That’s not to say that AI doesn’t have its benefits. AI can, for example, streamline the schooling system by reducing tedious administrative duties and so allow teachers more time with their students. AI also has the potential of revolutionising healthcare, both in the way we diagnose and treat patients. AI can improve the mobility of people with specific disabilities; it can help predict the location of future natural disasters; it can even help combat large-scale catastrophes like wildfires.

But as AI also becomes a major terrain of struggle over social justice, it is urgent that we rethink the role of art as a means to monitor AI and call out the injuries it inflicts on marginalised social groups. Transmedia artist Stephanie Dinkins does this by “asking the questions that others are not asking”. Art, she believes, can help shape the future of artificial intelligence by exposing tech’s limitations. “I never thought I would be questioning how data and algorithms are going to help shape a world that maintains a multiplicity of ways of existing in the world, cultures and a spectrum of knowledges that understand and value street smarts, for example, as much academic learning, but here I am.”

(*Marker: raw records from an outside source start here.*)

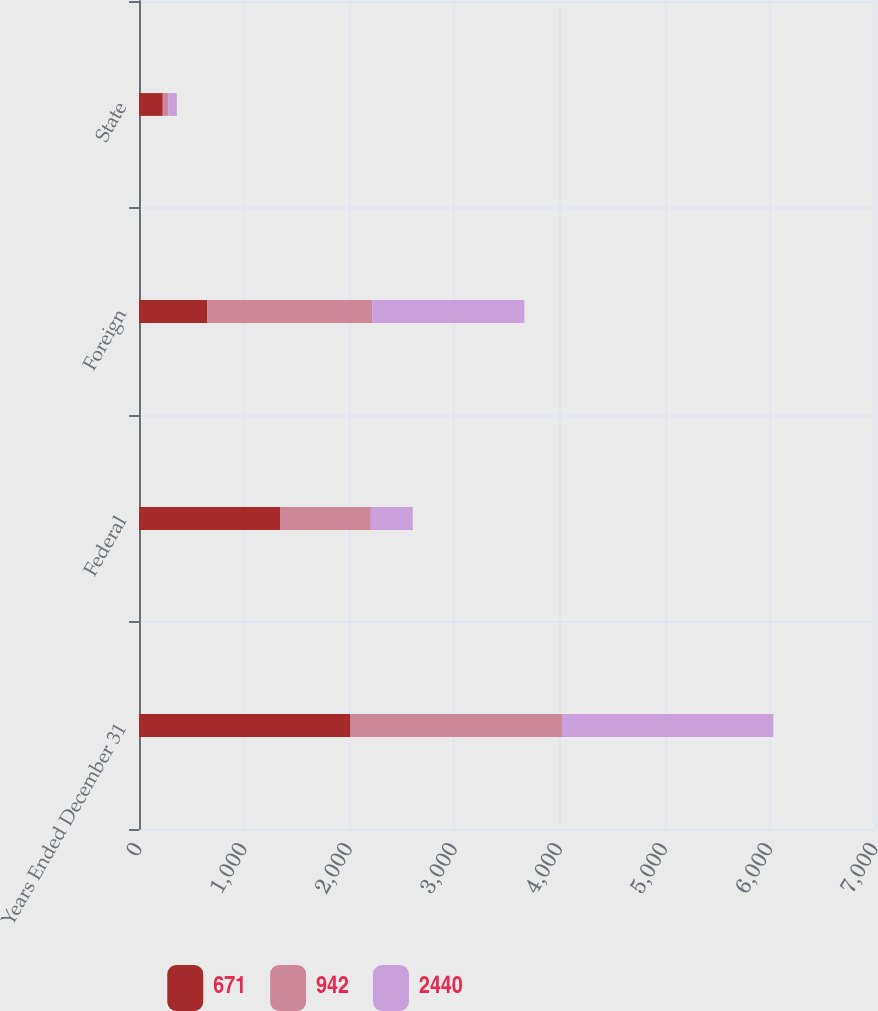Convert chart to OTSL. <chart><loc_0><loc_0><loc_500><loc_500><stacked_bar_chart><ecel><fcel>Years Ended December 31<fcel>Federal<fcel>Foreign<fcel>State<nl><fcel>671<fcel>2012<fcel>1346<fcel>651<fcel>226<nl><fcel>942<fcel>2011<fcel>859<fcel>1568<fcel>52<nl><fcel>2440<fcel>2010<fcel>399<fcel>1446<fcel>82<nl></chart> 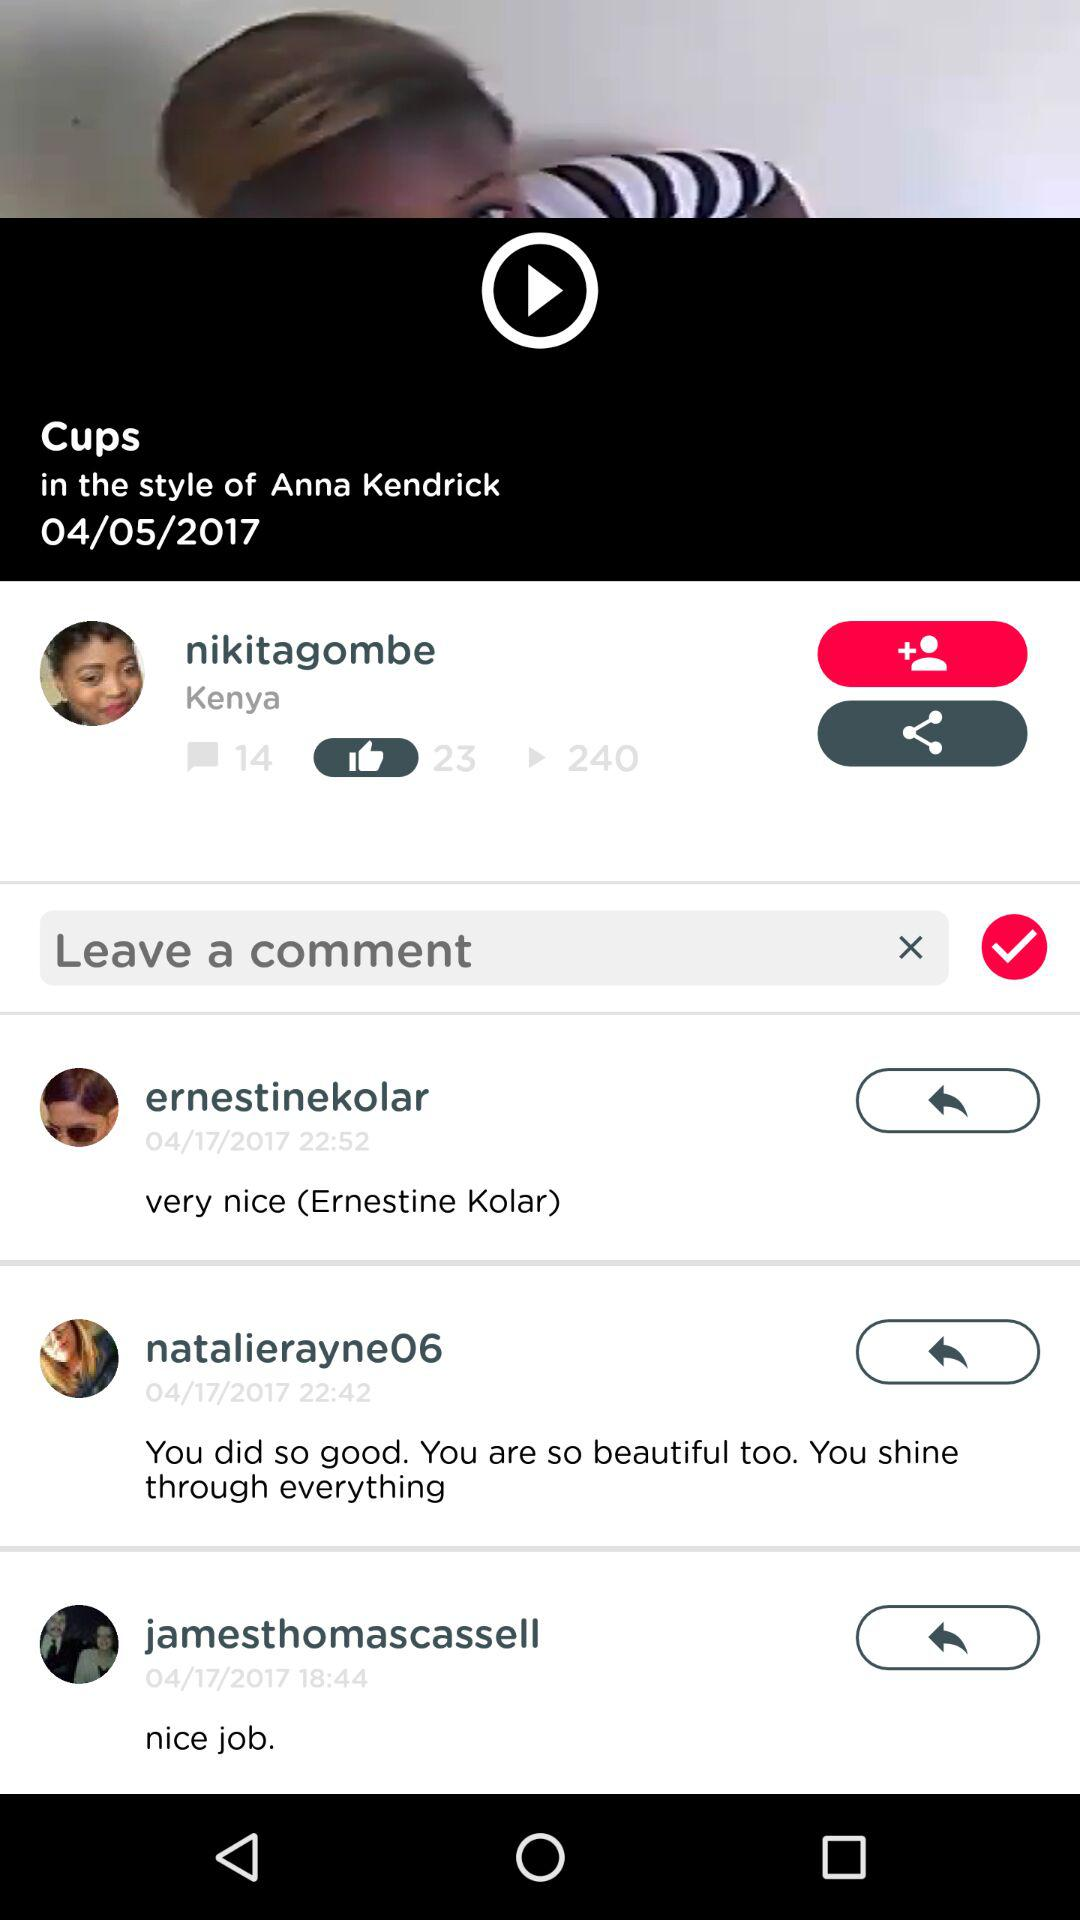How many likes are on "nikitagombe" profile? There are 23 likes on "nikitagombe" profile. 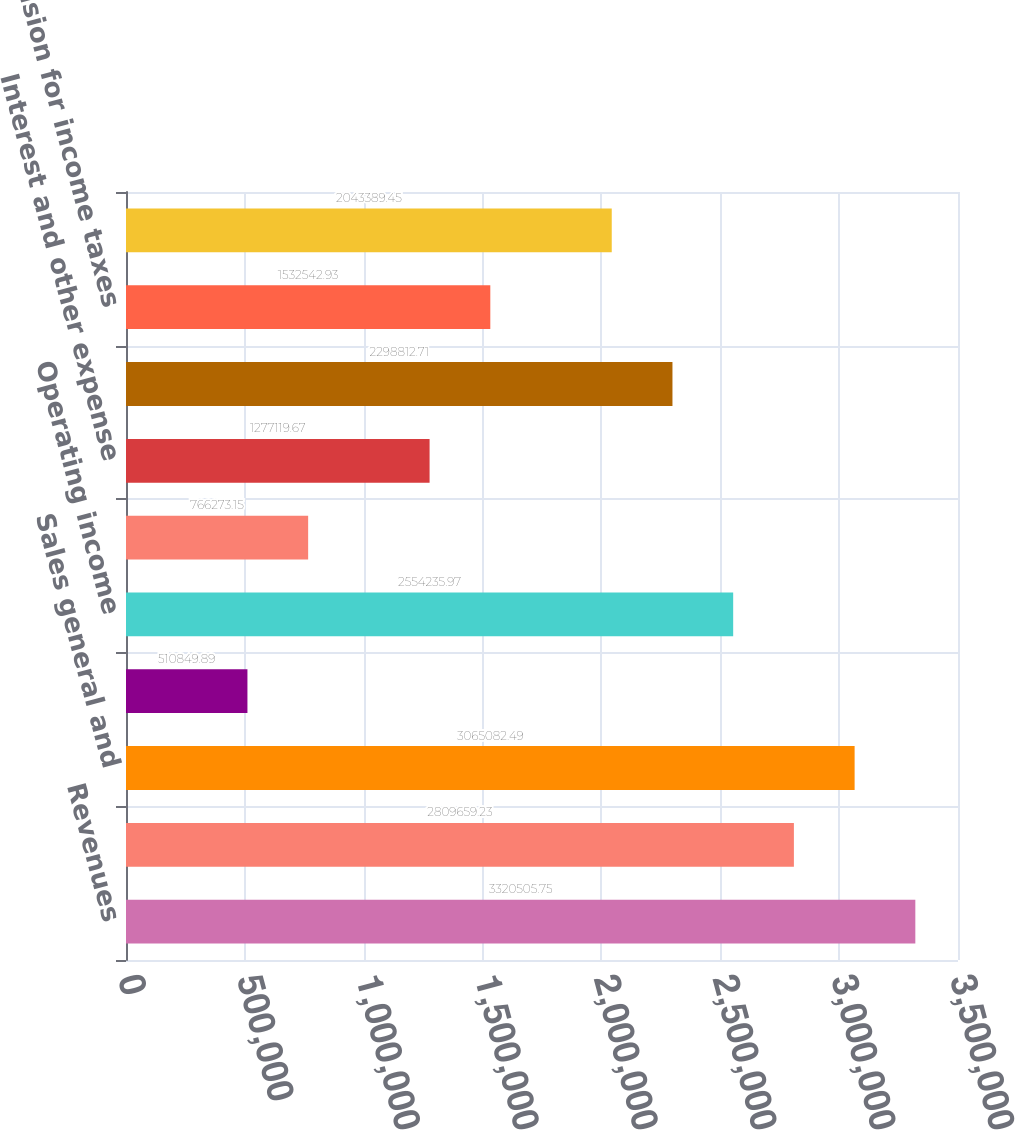<chart> <loc_0><loc_0><loc_500><loc_500><bar_chart><fcel>Revenues<fcel>Cost of service<fcel>Sales general and<fcel>Processing system intrusion<fcel>Operating income<fcel>Interest and other income<fcel>Interest and other expense<fcel>Income before income taxes<fcel>Provision for income taxes<fcel>Net income<nl><fcel>3.32051e+06<fcel>2.80966e+06<fcel>3.06508e+06<fcel>510850<fcel>2.55424e+06<fcel>766273<fcel>1.27712e+06<fcel>2.29881e+06<fcel>1.53254e+06<fcel>2.04339e+06<nl></chart> 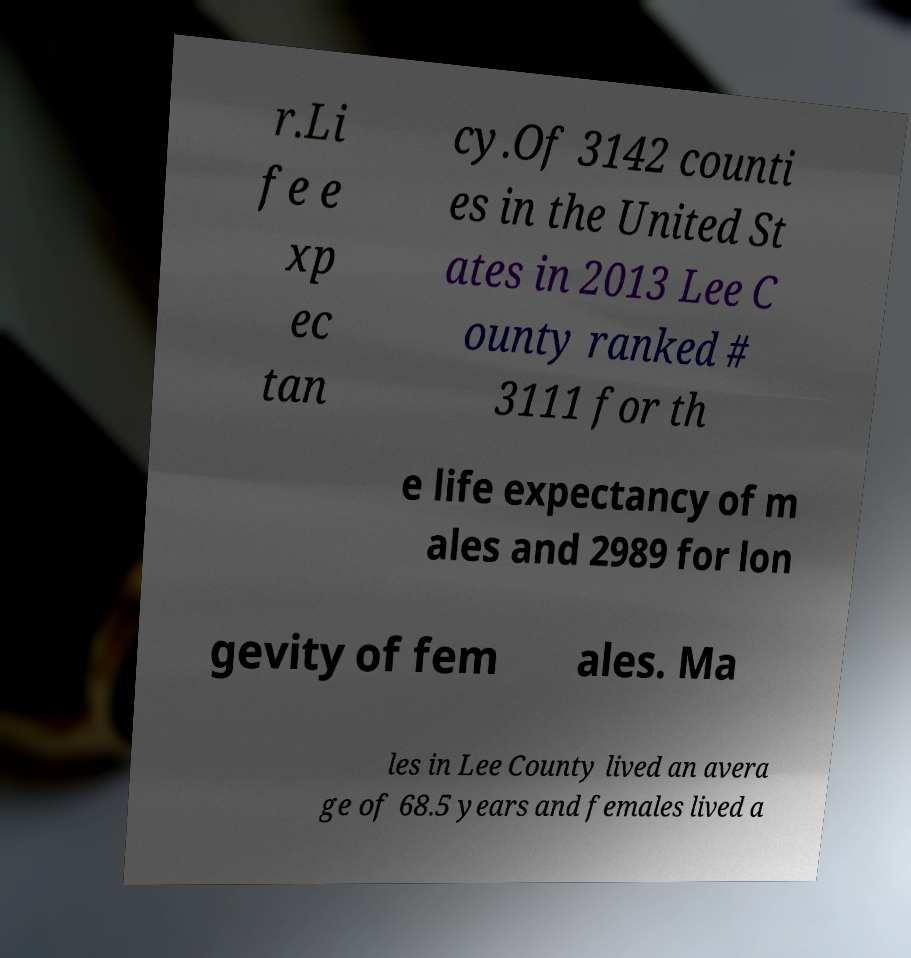What messages or text are displayed in this image? I need them in a readable, typed format. r.Li fe e xp ec tan cy.Of 3142 counti es in the United St ates in 2013 Lee C ounty ranked # 3111 for th e life expectancy of m ales and 2989 for lon gevity of fem ales. Ma les in Lee County lived an avera ge of 68.5 years and females lived a 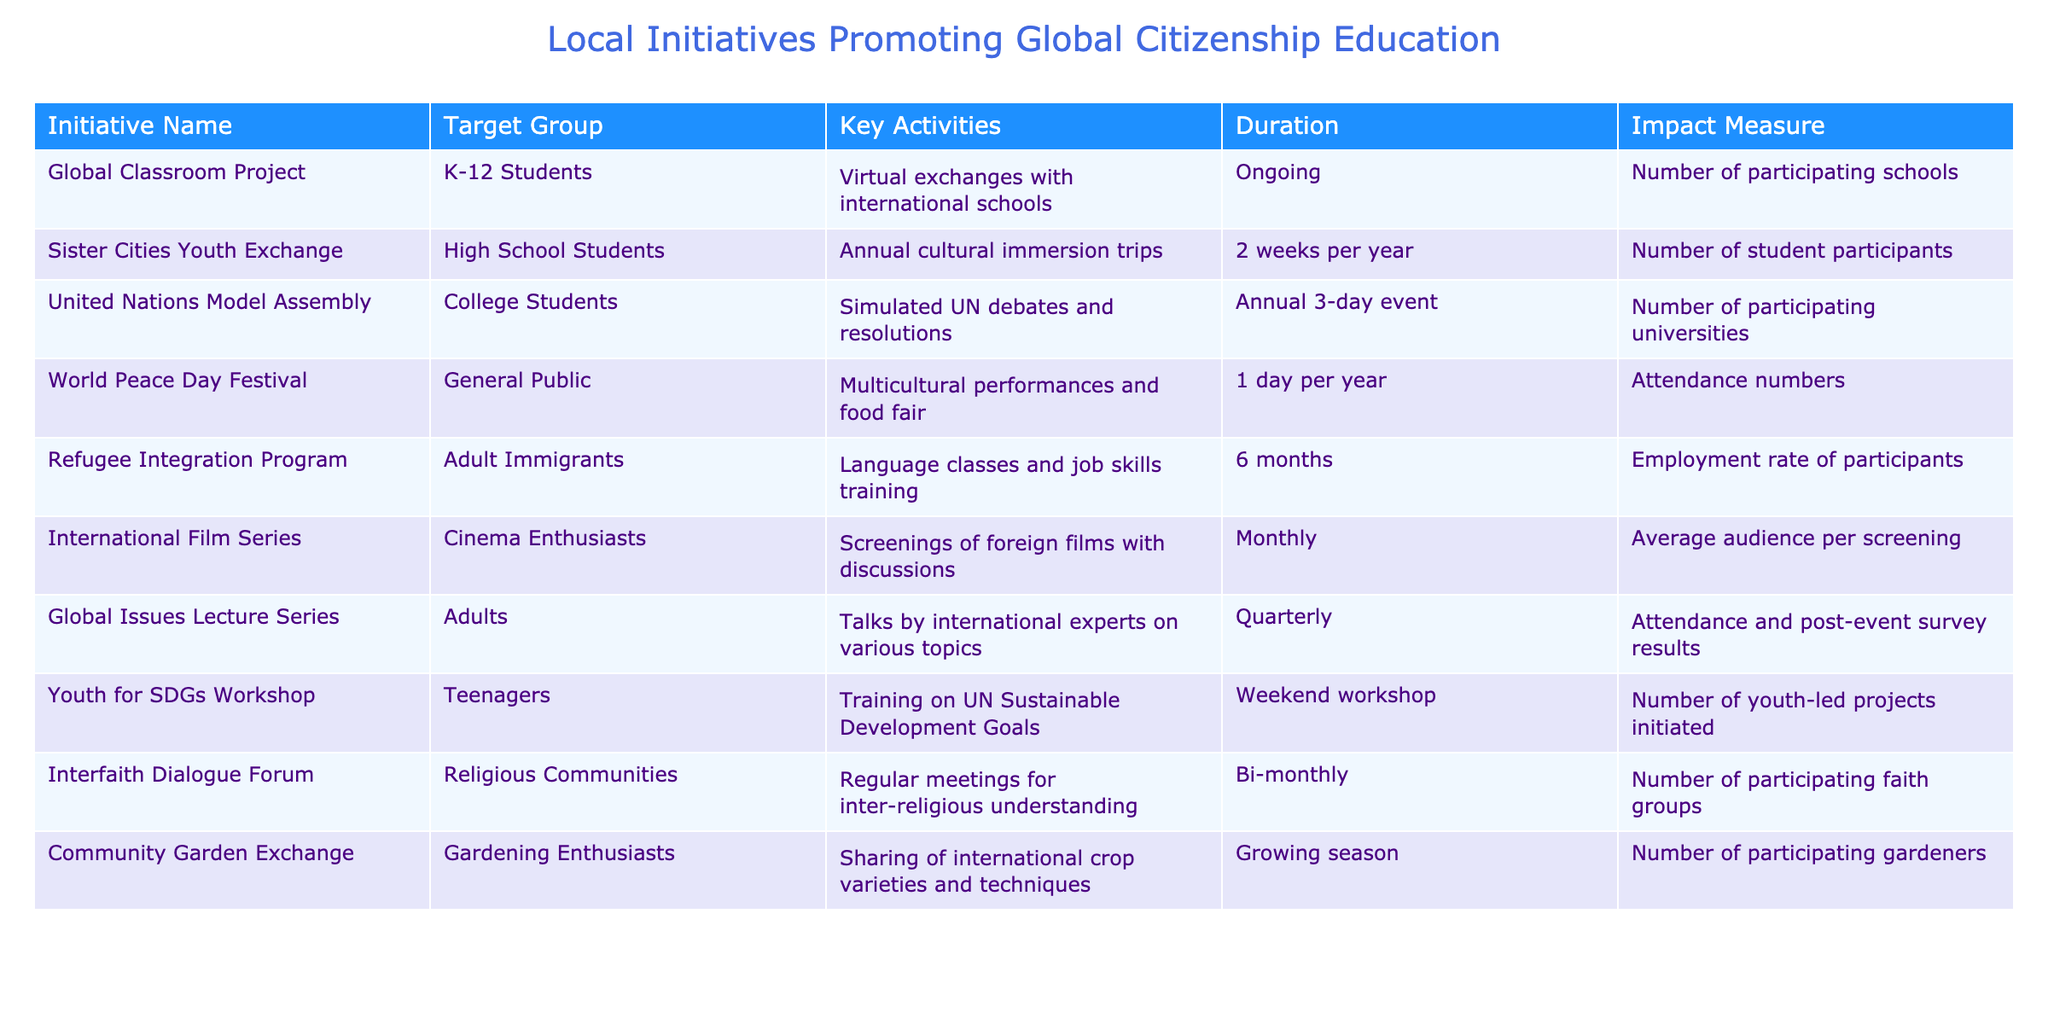What is the duration of the Sister Cities Youth Exchange initiative? The duration of the Sister Cities Youth Exchange initiative is specified in the table as "2 weeks per year."
Answer: 2 weeks per year Which target group is involved in the Global Classroom Project? The target group for the Global Classroom Project is listed as "K-12 Students" in the table.
Answer: K-12 Students How many times does the International Film Series occur in a year? The International Film Series is scheduled "Monthly," which means it occurs 12 times in a year (one for each month).
Answer: 12 times Is the World Peace Day Festival focused on a specific age group? The World Peace Day Festival targets the "General Public," indicating that it is not limited to a specific age group.
Answer: No What is the impact measure for the Refugee Integration Program? The impact measure for the Refugee Integration Program is the "Employment rate of participants," which provides a metric for its success.
Answer: Employment rate of participants Out of all initiatives, which has the longest duration? The Refugee Integration Program lasts for "6 months," which is longer than other initiatives listed, such as annual or shorter activities.
Answer: 6 months How many different groups are engaged in the Interfaith Dialogue Forum? The Interfaith Dialogue Forum measures its impact by the "Number of participating faith groups," but does not specify an exact quantity, leaving it open-ended in the table.
Answer: Not quantified What is the average duration of the initiatives listed in the table? To find the average, the durations are converted to weeks: Global Classroom Project (Ongoing), Sister Cities Youth Exchange (2 weeks), UN Model Assembly (3 days), World Peace Day Festival (1 day), Refugee Program (6 months = 26 weeks), International Film Series (not specified), etc. Not all durations are easily averaged due to differing time frames.
Answer: Cannot determine Which initiative has a key activity focusing on cultural exchange, and what is its duration? The initiative with a key activity focused on cultural immersion and exchange is the Sister Cities Youth Exchange, with a duration of "2 weeks per year."
Answer: Sister Cities Youth Exchange, 2 weeks per year How does the World Peace Day Festival measure its success? The World Peace Day Festival measures its success using "Attendance numbers" as an impact measure.
Answer: Attendance numbers Is the Global Issues Lecture Series held more frequently than the Youth for SDGs Workshop? The Global Issues Lecture Series is held "Quarterly" (4 times a year), while the Youth for SDGs Workshop occurs "Weekend" (undetermined frequency), hence cannot definitively say one is more frequent without more clarification on the latter.
Answer: Cannot determine 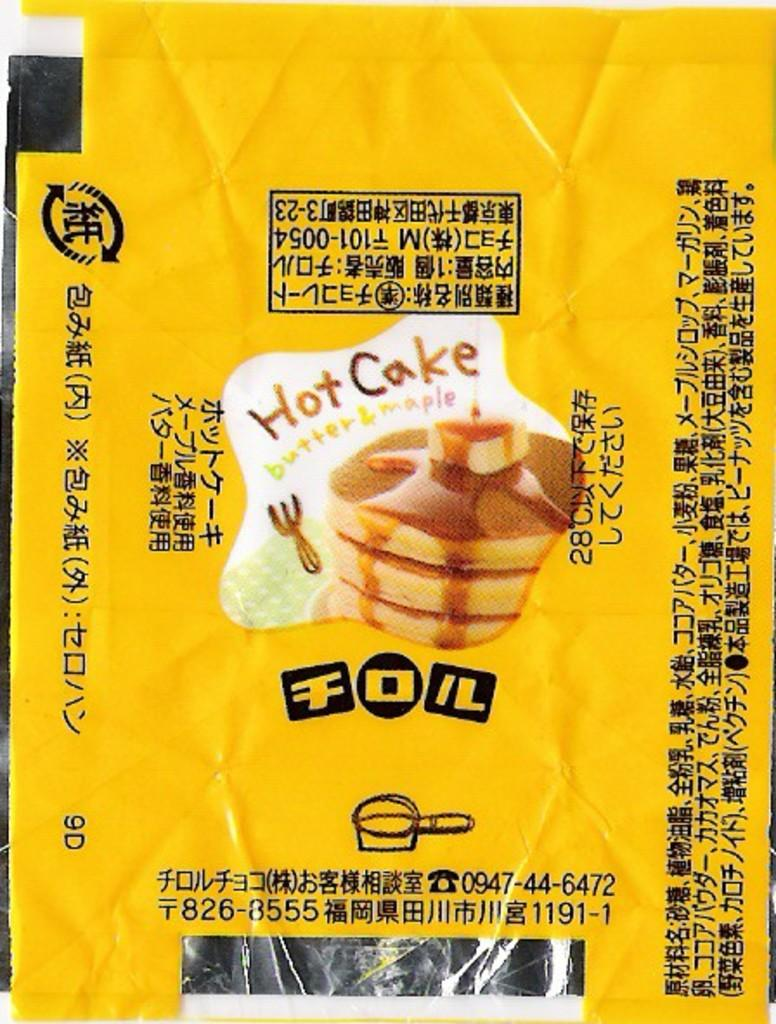Provide a one-sentence caption for the provided image. An advertisement for Hot Cakes with butter and maple. 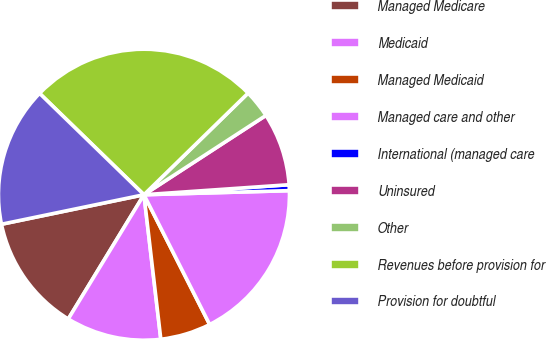<chart> <loc_0><loc_0><loc_500><loc_500><pie_chart><fcel>Managed Medicare<fcel>Medicaid<fcel>Managed Medicaid<fcel>Managed care and other<fcel>International (managed care<fcel>Uninsured<fcel>Other<fcel>Revenues before provision for<fcel>Provision for doubtful<nl><fcel>13.04%<fcel>10.56%<fcel>5.61%<fcel>17.99%<fcel>0.65%<fcel>8.08%<fcel>3.13%<fcel>25.43%<fcel>15.52%<nl></chart>

Her project, Not The Only One (N'TOO) speaks to this agenda. N'TOO is the multigenerational memoir of a black American family told from the perspective of AI. “It is a voice-interactive digital entity designed, trained, and aligned with the concerns and ideals of people who are underrepresented in the tech sector,” Dinkins tells It’s Nice That. “N'TOO is empowered to pursue the goals of its community through deep-learning algorithms that create a new kind of conversant archive.” Dinkins trained her AI in oral histories by supplying information from three generations of women in her family. In so doing, she informs her chatbot with culturally attuned data that provide a broader narrative scope to her dataset. N’TOO subsequently draws on these resources as the basis for its responses to questions, which it answers in the first person. Over time, Dinkins says, user input and viewer participation will grow N’TOO’s vocabulary and enhance the chatbot’s narrative ability.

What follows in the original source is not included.